Settings file path: /Users/ryan/demo/settings.py
Project root directory path: /Users/ryan/demo
Admin media directory path: /Users/ryan/env/demo/lib/python2.6/site-packages/django/contrib/admin/media

Putting a full file together with our simple extension methods. In our case, the finished “common/settings.py” file will be:

from os import path
from django.contrib import admin
from django.conf import settings as _settings, UserSettingsHolder
from django.utils import importlib

class CustomSettings(UserSettingsHolder):
    """Thin settings wrapper.

    .. note:: "Real" settings object is available as
      ``.default_settings`` member.
    """

    def is_sqlite(self):
        """Return ``True`` if default database is SQLite."""
        # Driver: 'sqlite3'
        return 'sqlite3' in self.DATABASES['default']['ENGINE']

    def is_postgres(self):
        """Return ``True`` if default database is PostgreSQL."""
        # Drivers: 'postgresql_psycopg2', 'postgresql'
        return 'postgresql' in self.DATABASES['default']['ENGINE']

    def settings_path(self):
        """Return path to project settings."""
        mod = importlib.import_module(
          self.default_settings.SETTINGS_MODULE)

        # Split off the extension to replace ".pyc" with ".py"
        return path.splitext(path.abspath(mod.__file__))[0] + ".py"

    def project_root_path(self):
        """Return path to project root."""
        return path.abspath(
          path.join(path.dirname(__file__), ".."))

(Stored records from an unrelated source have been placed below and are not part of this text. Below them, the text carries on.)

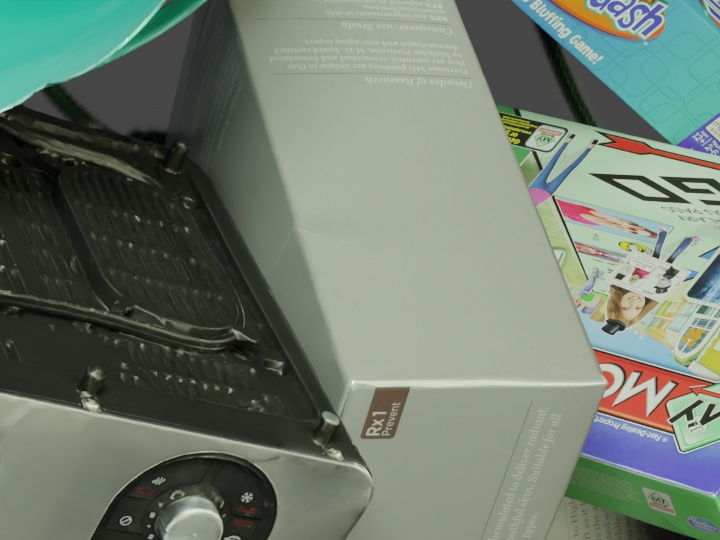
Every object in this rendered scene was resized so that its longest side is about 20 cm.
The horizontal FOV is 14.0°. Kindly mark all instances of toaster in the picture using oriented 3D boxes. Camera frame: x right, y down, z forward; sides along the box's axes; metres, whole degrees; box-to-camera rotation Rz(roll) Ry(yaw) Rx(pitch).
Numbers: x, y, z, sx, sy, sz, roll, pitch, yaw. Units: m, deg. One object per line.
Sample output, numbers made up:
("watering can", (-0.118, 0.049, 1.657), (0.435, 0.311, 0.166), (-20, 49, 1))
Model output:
("toaster", (-0.119, 0.026, 0.821), (0.181, 0.200, 0.119), (14, 117, -30))

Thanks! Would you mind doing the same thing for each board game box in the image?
("board game box", (0.059, -0.143, 1.015), (0.200, 0.045, 0.152), (38, 24, -33))
("board game box", (0.074, 0.011, 0.981), (0.135, 0.200, 0.029), (-50, 136, -28))

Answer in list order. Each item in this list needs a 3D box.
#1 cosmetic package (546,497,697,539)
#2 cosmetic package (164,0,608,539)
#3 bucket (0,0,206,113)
("cosmetic package", (0.027, 0.103, 1.026), (0.200, 0.074, 0.102), (-9, 96, -37))
("cosmetic package", (0.000, 0.000, 0.908), (0.090, 0.107, 0.200), (-2, 47, -21))
("bucket", (-0.108, -0.149, 0.804), (0.135, 0.207, 0.207), (-59, 134, -72))
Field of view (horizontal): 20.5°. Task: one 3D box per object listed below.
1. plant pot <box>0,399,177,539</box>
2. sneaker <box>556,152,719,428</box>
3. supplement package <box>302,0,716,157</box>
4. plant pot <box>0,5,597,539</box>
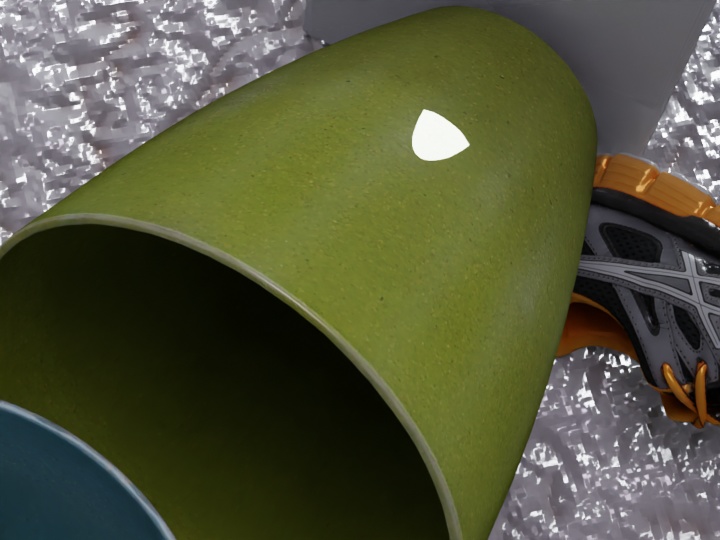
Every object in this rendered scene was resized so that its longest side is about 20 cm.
[{"bbox_3d":[-0.145,0.153,0.616,0.199,0.135,0.201,3,65,-6],"label":"plant pot"},{"bbox_3d":[0.142,0.027,0.722,0.200,0.078,0.077,27,74,44],"label":"sneaker"},{"bbox_3d":[0.089,-0.180,0.789,0.151,0.151,0.201,24,65,4],"label":"supplement package"},{"bbox_3d":[0.000,0.000,0.698,0.187,0.188,0.200,33,51,8],"label":"plant pot"}]
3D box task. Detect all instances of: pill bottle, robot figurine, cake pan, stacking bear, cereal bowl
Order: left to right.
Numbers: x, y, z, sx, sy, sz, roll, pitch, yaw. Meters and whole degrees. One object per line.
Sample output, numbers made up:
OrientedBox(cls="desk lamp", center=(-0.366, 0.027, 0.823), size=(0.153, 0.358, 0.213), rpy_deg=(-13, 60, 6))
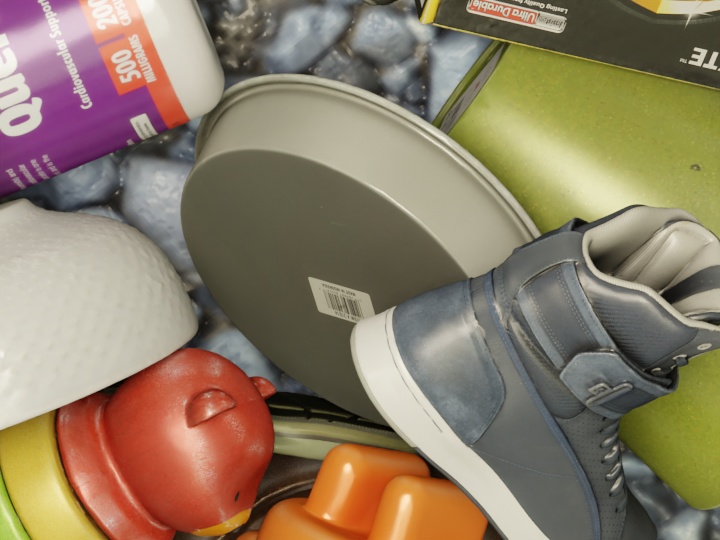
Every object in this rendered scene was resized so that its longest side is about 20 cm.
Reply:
OrientedBox(cls="cereal bowl", center=(-0.178, 0.022, 1.118), size=(0.200, 0.200, 0.083), rpy_deg=(-19, 96, -1))
OrientedBox(cls="pill bottle", center=(-0.168, -0.088, 1.111), size=(0.200, 0.112, 0.113), rpy_deg=(-23, 113, 0))
OrientedBox(cls="stacking bear", center=(-0.127, 0.104, 1.123), size=(0.200, 0.121, 0.114), rpy_deg=(-28, 79, 16))
OrientedBox(cls="robot figurine", center=(-0.008, 0.182, 1.155), size=(0.144, 0.117, 0.200), rpy_deg=(20, 96, 1))
OrientedBox(cls="cake pan", center=(0.000, 0.000, 1.141), size=(0.200, 0.200, 0.037), rpy_deg=(53, 55, -23))

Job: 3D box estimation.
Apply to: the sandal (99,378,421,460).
OrientedBox(cls="sandal", center=(-0.071, 0.082, 1.201), size=(0.201, 0.080, 0.057), rpy_deg=(13, 99, -5))

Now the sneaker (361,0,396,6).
OrientedBox(cls="sneaker", center=(0.063, -0.196, 1.117), size=(0.079, 0.075, 0.200), rpy_deg=(33, 104, 0))

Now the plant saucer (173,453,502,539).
OrientedBox(cls="plant saucer", center=(-0.011, 0.176, 1.239), size=(0.200, 0.032, 0.201), rpy_deg=(1, 83, -6))

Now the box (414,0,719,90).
OrientedBox(cls="box", center=(0.140, -0.162, 1.087), size=(0.200, 0.049, 0.160), rpy_deg=(12, 119, -15))

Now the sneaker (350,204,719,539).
OrientedBox(cls="sneaker", center=(0.111, 0.056, 1.068), size=(0.146, 0.077, 0.202), rpy_deg=(-30, 133, 19))

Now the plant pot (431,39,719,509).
OrientedBox(cls="plant pot", center=(0.127, -0.023, 1.163), size=(0.200, 0.187, 0.187), rpy_deg=(35, 103, -7))
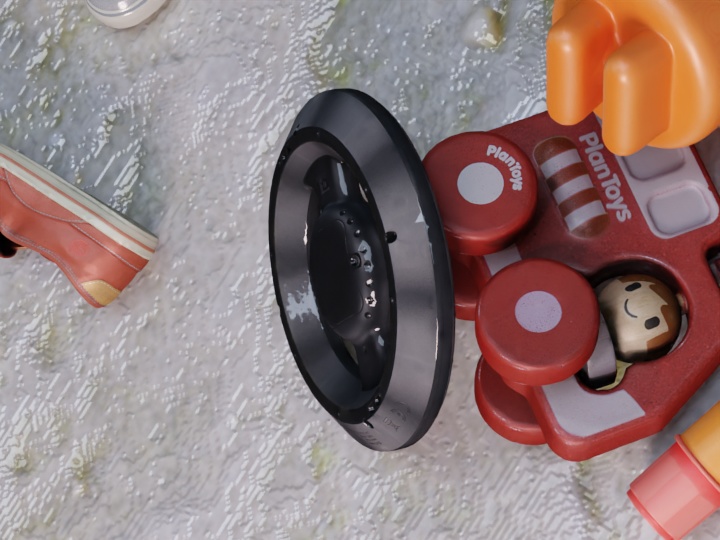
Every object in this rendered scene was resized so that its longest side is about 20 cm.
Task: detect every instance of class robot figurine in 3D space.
[{"bbox_3d":[0.184,-0.142,1.376,0.200,0.117,0.144,-40,16,-30],"label":"robot figurine"}]

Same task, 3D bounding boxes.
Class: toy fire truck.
[{"bbox_3d":[0.127,-0.005,1.392,0.167,0.112,0.200,-21,65,-7],"label":"toy fire truck"}]

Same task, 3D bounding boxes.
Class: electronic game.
[{"bbox_3d":[0.000,0.000,1.402,0.041,0.200,0.201,-9,64,-25],"label":"electronic game"}]

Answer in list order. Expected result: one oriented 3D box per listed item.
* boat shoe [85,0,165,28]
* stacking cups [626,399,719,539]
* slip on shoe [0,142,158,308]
[{"bbox_3d":[-0.130,-0.251,1.580,0.070,0.072,0.201,17,81,25],"label":"boat shoe"},{"bbox_3d":[0.227,0.066,1.356,0.200,0.060,0.061,-42,64,11],"label":"stacking cups"},{"bbox_3d":[-0.214,-0.041,1.552,0.200,0.074,0.061,30,89,22],"label":"slip on shoe"}]
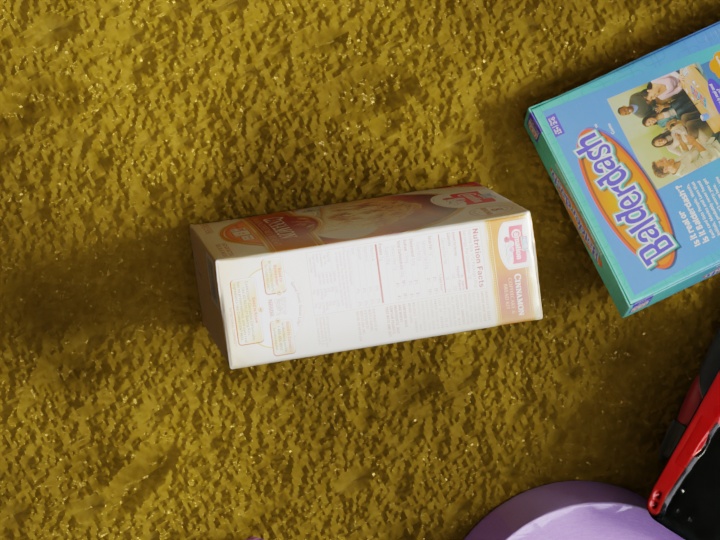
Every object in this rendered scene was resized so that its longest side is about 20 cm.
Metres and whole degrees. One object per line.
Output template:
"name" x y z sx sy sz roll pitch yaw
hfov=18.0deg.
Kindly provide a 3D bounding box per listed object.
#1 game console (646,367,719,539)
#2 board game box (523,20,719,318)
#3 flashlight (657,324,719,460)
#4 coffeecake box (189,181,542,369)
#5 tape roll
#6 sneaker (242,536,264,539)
"game console" 0.291 0.124 1.549 0.200 0.031 0.177 33 90 -41
"board game box" 0.232 -0.079 1.520 0.200 0.045 0.152 -24 80 -6
"flashlight" 0.275 0.053 1.562 0.068 0.068 0.200 25 94 -11
"coffeecake box" 0.000 0.000 1.462 0.200 0.154 0.073 -9 100 -9
"tape roll" 0.155 0.250 1.574 0.200 0.066 0.200 -1 99 -9
"sneaker" -0.045 0.261 1.539 0.088 0.080 0.200 -41 108 -21
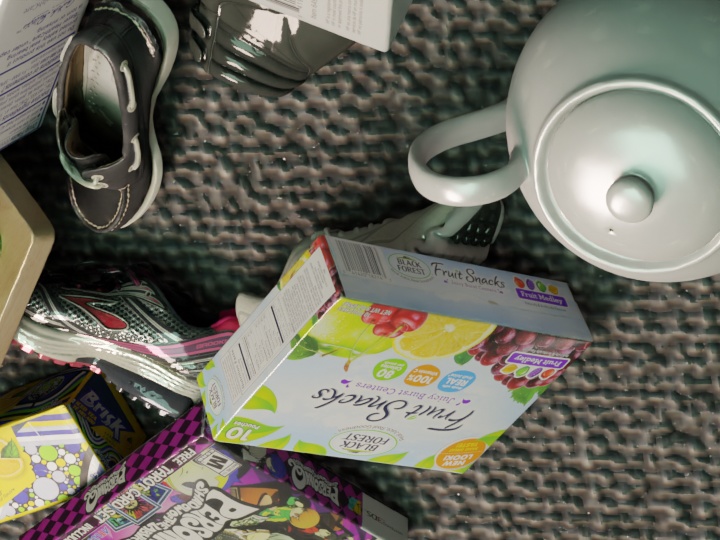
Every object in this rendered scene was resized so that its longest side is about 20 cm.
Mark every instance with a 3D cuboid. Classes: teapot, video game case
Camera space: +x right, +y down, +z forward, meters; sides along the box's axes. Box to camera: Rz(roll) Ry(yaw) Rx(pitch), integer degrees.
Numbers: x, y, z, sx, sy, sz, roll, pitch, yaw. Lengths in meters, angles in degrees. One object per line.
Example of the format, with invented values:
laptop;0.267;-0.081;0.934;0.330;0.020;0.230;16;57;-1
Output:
teapot;0.160;-0.069;1.402;0.197;0.146;0.200;41;125;-4
video game case;-0.100;0.182;1.667;0.181;0.036;0.200;33;128;-30

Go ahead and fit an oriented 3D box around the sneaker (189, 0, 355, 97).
sneaker;-0.092;-0.179;1.481;0.200;0.071;0.099;39;122;-5

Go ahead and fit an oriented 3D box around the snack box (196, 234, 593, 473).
snack box;0.021;0.054;1.509;0.199;0.053;0.142;11;136;-37

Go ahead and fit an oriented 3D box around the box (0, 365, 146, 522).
box;-0.250;0.130;1.719;0.199;0.064;0.070;-20;110;28

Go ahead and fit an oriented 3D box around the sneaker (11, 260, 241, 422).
sneaker;-0.166;0.024;1.627;0.199;0.081;0.075;24;107;-1

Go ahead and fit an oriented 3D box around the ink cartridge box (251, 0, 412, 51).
ink cartridge box;-0.047;-0.245;1.353;0.199;0.147;0.147;21;154;8

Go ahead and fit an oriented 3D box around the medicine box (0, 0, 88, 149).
medicine box;-0.260;-0.189;1.491;0.182;0.103;0.200;39;130;12

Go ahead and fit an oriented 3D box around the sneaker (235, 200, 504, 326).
sneaker;0.000;0.000;1.549;0.200;0.075;0.081;-37;64;21

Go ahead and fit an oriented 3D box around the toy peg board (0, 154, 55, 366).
toy peg board;-0.310;-0.011;1.587;0.199;0.097;0.201;51;130;30

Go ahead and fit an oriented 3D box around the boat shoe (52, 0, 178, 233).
boat shoe;-0.158;-0.087;1.541;0.074;0.060;0.200;34;141;10
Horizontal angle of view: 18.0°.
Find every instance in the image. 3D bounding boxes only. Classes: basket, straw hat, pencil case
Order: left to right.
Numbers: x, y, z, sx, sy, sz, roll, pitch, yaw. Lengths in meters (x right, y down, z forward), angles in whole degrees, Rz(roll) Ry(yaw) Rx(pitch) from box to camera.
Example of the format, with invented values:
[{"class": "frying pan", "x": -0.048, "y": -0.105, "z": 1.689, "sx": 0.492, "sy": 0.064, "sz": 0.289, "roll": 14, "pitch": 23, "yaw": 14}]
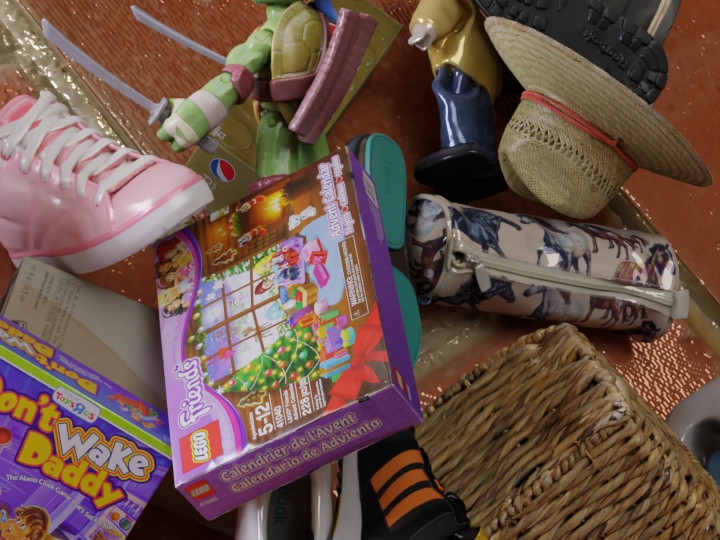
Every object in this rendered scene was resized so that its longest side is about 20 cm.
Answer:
[{"class": "basket", "x": 0.105, "y": 0.152, "z": 1.386, "sx": 0.149, "sy": 0.200, "sz": 0.143, "roll": 45, "pitch": 6, "yaw": -31}, {"class": "pencil case", "x": 0.126, "y": 0.000, "z": 1.569, "sx": 0.199, "sy": 0.078, "sz": 0.089, "roll": 10, "pitch": 19, "yaw": -22}, {"class": "straw hat", "x": 0.144, "y": -0.083, "z": 1.576, "sx": 0.201, "sy": 0.201, "sz": 0.085, "roll": 36, "pitch": 87, "yaw": -1}]

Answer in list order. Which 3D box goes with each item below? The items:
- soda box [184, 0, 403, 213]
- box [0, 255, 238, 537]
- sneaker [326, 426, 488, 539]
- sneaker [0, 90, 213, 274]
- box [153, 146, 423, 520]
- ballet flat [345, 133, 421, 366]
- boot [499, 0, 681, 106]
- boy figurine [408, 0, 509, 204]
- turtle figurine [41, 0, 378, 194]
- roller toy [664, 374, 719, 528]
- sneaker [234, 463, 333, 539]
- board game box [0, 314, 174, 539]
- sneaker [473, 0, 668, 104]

    def admin_media_path(self):
        """Return path to Django admin media directory."""
        return path.abspath(
          path.join(path.dirname(admin.__file__), "media"))

settings = CustomSettings(_settings)

While these contrived example method extensions are solving problems perhaps best solved elsewhere (like in the actual project settings file), they serve to illustrate a simple means of how to extend the Django settings module easily and without interfering with the runtime settings configuration process.